Cuando Patty le cuenta a sus padres lo sucedido y juntos analizan las posibilidades de denunciar al estudiante, surge la criminalización de la víctima: ¿te defendiste? ¿Le dijiste claramente que no? Luego la amenaza: indagarán en tu vida, te escarmentarán. Patty desiste, se conforma con unas excusas y con resguardar su magullada intimidad.

En Pamplona, cinco hombres se acercaron a una chica solitaria en la madrugada de los sanfermines (alcohol y desinhibición) y ganaron su confianza con engaños (acompañarla a su coche) y en el camino la acorralaron y amedrentaron, para después meterla en el interior de un edifico, donde la forzaron. A la joven de 18 años no sólo la obligaron a mantener relaciones sexuales con cada uno de ellos: la esclavizaron durante esos 19 minutos para que fuera el recipiente de sus fantasías abusivas.
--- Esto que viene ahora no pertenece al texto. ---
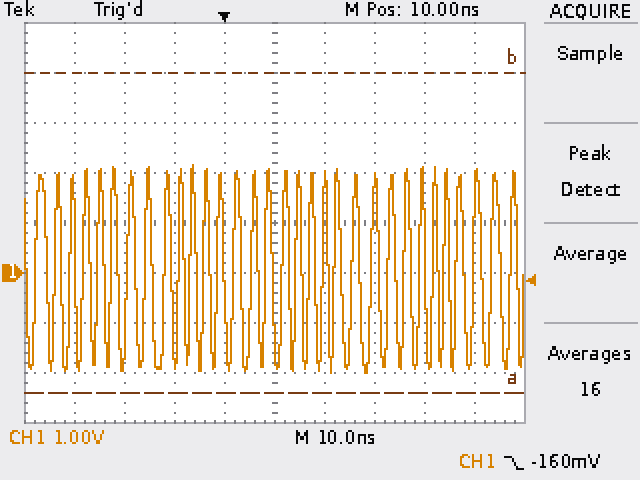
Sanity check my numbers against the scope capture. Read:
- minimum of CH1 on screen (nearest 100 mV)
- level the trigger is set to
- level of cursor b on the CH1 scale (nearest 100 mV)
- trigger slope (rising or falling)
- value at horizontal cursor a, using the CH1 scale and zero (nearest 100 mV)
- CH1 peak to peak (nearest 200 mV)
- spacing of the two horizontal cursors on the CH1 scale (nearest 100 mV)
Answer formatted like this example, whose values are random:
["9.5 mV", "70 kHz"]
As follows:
["-2.0 V", "-160 mV", "4.0 V", "falling", "-2.4 V", "4.2 V", "6.4 V"]
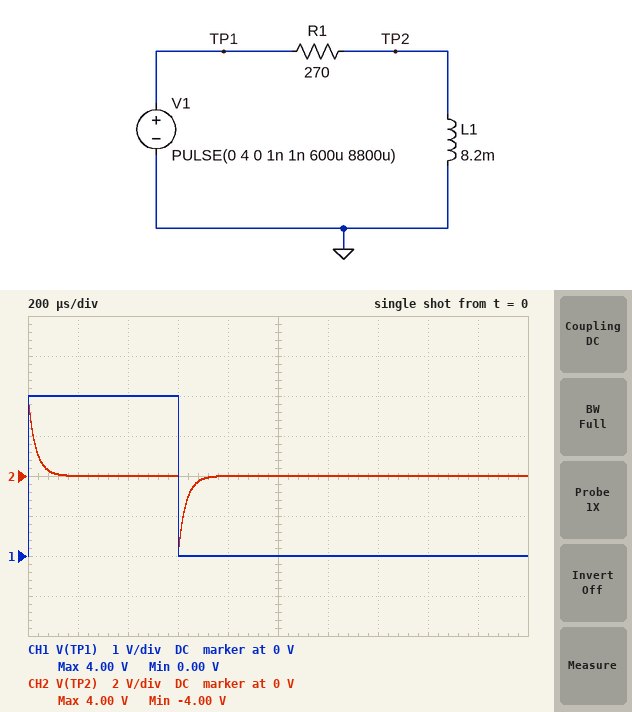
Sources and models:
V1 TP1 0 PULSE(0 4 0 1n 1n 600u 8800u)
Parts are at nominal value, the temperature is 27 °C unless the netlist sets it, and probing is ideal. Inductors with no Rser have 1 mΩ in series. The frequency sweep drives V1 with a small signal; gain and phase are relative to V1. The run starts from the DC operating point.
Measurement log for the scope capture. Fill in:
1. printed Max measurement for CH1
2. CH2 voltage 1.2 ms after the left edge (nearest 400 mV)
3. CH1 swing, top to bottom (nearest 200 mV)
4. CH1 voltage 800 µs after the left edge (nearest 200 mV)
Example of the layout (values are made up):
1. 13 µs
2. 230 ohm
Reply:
1. 4.00 V
2. 0 V
3. 4.0 V
4. 0 V
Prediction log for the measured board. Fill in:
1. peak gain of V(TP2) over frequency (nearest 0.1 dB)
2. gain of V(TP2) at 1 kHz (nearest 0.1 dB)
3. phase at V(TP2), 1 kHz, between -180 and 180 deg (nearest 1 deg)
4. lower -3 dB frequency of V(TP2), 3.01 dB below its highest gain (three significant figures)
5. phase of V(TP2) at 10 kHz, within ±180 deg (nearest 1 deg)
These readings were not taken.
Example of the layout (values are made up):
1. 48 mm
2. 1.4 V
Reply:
1. 0 dB
2. -14.5 dB
3. 79 deg
4. 5.24 kHz
5. 28 deg
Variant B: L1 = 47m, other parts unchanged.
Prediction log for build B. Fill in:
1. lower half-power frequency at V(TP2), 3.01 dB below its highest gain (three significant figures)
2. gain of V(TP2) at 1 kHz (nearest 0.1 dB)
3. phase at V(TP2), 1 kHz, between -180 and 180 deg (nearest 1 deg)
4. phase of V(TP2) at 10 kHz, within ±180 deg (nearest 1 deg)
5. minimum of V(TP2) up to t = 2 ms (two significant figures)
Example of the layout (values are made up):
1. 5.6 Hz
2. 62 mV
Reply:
1. 914 Hz
2. -2.6 dB
3. 42 deg
4. 5 deg
5. -3.9 V
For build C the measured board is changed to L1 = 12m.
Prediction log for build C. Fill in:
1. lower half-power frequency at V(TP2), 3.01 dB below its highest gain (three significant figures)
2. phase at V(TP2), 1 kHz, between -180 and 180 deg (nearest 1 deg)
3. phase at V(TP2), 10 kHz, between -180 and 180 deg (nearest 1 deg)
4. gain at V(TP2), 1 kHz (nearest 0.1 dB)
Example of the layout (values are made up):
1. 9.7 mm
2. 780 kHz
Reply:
1. 3.58 kHz
2. 74 deg
3. 20 deg
4. -11.4 dB

Y filmaron; breves vídeos de teléfono.

Para llegar hasta tribunales por un caso de violación hace falta mucha valentía y entereza, aquí y en cualquier lugar del mundo. El proceso suele ser vejatorio para quien denuncia pero estos días, en los tribunales de Navarra, alcanza cotas cínicas al convertir la prueba del delito (los vídeos) en fundamento exculpatorio: la chica no se defendió y no se le escucha negarse durante esos 96 segundos.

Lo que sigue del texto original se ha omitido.